Common strategy in regulating amino acid transporter genes and biosynthetic genes. Both amino acid transporters and biosynthetic enzymes can fulfill the need of an organism for certain amino acids. This results in a tendency to coordinate the expression of the genes for these classes of proteins by using a shared regulatory mechanism. As shown for three amino acid-related genes, this tendency is specific for each phylogenetic clade. The regulatory elements were identified using our Riboswitch Web server (RibEx) (1) and previously reported data (2). [1], the S_MK riboswitch regulates metK genes in lactic acid bacteria, including Enterococcus, Streptococcus, and Lactococcus spp. (see reference 33). [2], in streptococci, unlike other members of the Firmicutes, methionine biosynthesis and transport are controlled by protein transcription factors, in this case, MtaR, MetR, and CmbR (see reference 67). Organism names and gene color codes are described in the legends of Fig. 2 and 3.

FIG. 10.

Regulatory genes controlled by the T-box mechanism. Organism abbreviations and color codes are described in the legends of Fig. 2 and 3. COG1940 is annotated as a “negative regulator of the xylose operon”; this annotation does not correspond to the function deduced from its Phe T-box specificity.
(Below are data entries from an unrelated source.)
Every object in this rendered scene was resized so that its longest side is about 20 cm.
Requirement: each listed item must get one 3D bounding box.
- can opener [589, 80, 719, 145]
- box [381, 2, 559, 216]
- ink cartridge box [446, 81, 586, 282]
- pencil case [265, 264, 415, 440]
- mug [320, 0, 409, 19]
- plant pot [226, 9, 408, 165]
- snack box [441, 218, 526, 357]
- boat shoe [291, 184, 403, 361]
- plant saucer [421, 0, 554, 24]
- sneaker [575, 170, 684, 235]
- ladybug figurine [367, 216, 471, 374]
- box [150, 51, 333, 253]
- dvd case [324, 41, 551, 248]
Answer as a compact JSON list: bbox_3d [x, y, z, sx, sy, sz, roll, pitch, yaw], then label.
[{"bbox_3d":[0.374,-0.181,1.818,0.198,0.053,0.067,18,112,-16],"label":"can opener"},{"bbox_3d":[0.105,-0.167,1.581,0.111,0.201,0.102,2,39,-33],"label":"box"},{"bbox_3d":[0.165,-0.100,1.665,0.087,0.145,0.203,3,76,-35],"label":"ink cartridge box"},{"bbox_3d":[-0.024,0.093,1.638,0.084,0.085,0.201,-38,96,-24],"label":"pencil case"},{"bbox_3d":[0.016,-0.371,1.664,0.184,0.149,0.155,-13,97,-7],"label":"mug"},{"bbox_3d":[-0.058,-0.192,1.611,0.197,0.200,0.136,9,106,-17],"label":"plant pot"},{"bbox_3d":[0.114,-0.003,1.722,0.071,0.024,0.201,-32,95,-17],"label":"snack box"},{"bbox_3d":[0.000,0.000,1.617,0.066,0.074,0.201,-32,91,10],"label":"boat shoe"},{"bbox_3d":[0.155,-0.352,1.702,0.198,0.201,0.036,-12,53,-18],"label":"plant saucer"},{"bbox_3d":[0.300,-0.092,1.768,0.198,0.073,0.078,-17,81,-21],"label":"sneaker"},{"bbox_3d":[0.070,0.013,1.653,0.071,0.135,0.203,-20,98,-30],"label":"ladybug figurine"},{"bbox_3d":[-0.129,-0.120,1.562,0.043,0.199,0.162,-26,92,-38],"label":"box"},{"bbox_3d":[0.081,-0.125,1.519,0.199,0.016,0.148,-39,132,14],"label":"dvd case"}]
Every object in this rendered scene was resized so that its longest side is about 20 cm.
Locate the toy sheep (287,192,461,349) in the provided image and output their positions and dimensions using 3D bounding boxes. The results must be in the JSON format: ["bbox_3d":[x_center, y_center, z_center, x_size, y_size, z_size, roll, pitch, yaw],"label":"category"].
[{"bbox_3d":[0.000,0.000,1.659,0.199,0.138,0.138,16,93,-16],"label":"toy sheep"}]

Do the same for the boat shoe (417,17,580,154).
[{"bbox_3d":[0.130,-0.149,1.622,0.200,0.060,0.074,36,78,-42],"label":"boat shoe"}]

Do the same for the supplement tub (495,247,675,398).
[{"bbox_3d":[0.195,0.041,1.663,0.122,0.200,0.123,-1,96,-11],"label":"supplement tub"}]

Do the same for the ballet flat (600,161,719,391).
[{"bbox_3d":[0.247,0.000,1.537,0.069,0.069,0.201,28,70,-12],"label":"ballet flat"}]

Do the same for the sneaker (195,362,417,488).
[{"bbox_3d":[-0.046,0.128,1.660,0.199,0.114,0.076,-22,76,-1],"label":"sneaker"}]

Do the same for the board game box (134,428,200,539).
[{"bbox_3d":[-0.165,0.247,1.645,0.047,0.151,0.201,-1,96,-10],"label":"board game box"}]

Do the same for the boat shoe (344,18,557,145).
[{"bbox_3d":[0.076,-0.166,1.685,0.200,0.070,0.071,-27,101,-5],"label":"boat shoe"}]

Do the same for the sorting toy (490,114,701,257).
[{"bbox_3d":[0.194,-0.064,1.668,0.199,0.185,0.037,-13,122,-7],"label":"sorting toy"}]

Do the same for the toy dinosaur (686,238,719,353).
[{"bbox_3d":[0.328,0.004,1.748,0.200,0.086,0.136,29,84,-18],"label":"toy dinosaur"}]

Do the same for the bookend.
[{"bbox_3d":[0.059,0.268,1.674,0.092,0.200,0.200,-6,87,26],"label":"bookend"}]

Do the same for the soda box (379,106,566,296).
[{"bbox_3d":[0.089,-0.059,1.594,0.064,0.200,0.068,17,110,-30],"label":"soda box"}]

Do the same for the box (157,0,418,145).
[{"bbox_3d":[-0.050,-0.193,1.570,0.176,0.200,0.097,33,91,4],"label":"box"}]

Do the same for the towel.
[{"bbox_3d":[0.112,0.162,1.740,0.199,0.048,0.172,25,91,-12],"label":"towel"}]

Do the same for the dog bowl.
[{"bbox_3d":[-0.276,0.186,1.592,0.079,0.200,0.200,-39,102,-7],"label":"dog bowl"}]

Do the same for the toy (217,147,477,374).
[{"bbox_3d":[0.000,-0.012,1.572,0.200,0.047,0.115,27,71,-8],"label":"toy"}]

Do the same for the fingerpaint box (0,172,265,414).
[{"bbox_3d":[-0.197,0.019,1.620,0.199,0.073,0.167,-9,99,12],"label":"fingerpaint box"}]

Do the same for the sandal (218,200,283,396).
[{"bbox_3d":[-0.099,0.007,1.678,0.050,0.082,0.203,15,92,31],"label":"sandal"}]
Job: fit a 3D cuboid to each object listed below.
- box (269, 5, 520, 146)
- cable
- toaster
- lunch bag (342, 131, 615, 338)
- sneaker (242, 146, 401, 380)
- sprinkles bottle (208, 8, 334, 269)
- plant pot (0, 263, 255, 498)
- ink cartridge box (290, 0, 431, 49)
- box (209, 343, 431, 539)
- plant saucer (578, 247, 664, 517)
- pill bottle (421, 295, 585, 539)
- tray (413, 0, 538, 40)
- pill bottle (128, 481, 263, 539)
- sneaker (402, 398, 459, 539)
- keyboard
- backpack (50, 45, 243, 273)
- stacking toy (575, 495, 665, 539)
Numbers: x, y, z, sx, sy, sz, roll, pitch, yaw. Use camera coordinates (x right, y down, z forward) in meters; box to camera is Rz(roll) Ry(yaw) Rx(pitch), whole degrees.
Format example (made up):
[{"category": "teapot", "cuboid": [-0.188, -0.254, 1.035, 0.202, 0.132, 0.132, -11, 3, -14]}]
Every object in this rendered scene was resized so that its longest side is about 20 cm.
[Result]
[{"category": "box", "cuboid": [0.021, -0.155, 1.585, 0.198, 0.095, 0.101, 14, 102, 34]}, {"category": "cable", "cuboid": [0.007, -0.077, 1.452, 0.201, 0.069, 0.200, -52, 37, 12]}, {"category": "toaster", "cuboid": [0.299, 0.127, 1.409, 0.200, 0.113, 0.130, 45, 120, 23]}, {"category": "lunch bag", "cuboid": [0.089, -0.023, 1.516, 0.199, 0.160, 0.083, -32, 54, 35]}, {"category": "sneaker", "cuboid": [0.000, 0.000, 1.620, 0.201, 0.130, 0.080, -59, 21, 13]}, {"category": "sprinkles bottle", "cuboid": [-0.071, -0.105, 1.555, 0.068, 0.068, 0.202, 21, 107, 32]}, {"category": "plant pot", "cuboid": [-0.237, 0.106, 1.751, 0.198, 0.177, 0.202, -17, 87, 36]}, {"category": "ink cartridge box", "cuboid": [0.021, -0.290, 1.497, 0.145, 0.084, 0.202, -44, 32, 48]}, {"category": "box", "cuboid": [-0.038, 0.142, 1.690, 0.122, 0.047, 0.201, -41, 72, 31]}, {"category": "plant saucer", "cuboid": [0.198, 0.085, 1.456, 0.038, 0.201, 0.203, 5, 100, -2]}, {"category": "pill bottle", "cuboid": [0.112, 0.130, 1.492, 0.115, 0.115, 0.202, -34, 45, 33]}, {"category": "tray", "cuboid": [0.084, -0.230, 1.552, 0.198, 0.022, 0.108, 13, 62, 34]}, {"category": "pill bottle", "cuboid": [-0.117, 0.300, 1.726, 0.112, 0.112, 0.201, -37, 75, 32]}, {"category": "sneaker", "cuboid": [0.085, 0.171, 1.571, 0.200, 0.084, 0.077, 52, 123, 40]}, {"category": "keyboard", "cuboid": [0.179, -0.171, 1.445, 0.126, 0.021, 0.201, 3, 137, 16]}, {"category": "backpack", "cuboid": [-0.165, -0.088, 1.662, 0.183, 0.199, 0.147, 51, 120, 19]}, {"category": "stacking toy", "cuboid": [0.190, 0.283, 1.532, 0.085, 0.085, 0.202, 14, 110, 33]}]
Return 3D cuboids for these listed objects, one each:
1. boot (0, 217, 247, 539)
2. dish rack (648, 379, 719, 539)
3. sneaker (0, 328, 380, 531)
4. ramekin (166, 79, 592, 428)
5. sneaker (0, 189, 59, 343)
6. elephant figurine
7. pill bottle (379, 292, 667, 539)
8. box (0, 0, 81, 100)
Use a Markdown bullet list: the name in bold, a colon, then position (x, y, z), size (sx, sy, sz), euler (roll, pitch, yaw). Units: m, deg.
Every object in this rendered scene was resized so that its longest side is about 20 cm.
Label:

COG3070 corresponds to a “regulator of competence-specific genes”; its true function is unknown, but it is predicted to be related to its Ser specifier sequence and the fact that is cotranscribed with serS. COG2207 is the family of AraC transcriptional regulators. The Roseiflexus (Rosei) sp. regulatory genes do not belong to any COG family but are annotated in GenBank as “putative transcriptional regulators, MerR family.”